Your assignment
The job is to find each line in the entries holding the string "pitch" and copy that line.

Records for processing
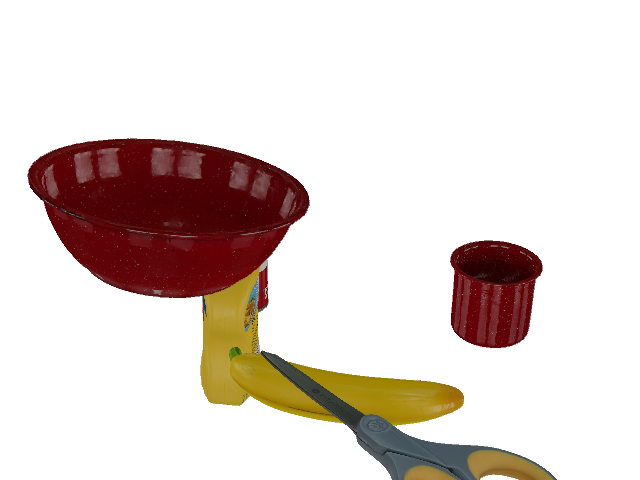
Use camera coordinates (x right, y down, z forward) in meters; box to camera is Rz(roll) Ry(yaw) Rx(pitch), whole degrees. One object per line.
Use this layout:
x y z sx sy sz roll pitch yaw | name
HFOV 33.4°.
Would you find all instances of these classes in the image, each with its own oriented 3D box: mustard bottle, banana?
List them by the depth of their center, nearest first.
0.009 0.113 0.825 0.198 0.037 0.069 11 28 16 | banana
-0.083 0.056 0.992 0.058 0.192 0.096 6 37 2 | mustard bottle

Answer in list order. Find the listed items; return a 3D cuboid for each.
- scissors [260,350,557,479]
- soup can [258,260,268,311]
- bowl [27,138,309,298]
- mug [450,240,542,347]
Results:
0.050 0.104 0.566 0.096 0.016 0.202 -6 28 -26 | scissors
-0.096 0.029 1.262 0.068 0.102 0.068 0 25 0 | soup can
-0.090 -0.010 0.625 0.162 0.055 0.162 7 21 -3 | bowl
0.175 0.051 1.109 0.093 0.081 0.117 -4 29 -9 | mug

Response below
Use camera coordinates (x right, y down, z forward) in meters; box to camera is Rz(roll) Ry(yaw) Rx(pitch), whole degrees. One object per line.
x y z sx sy sz roll pitch yaw | name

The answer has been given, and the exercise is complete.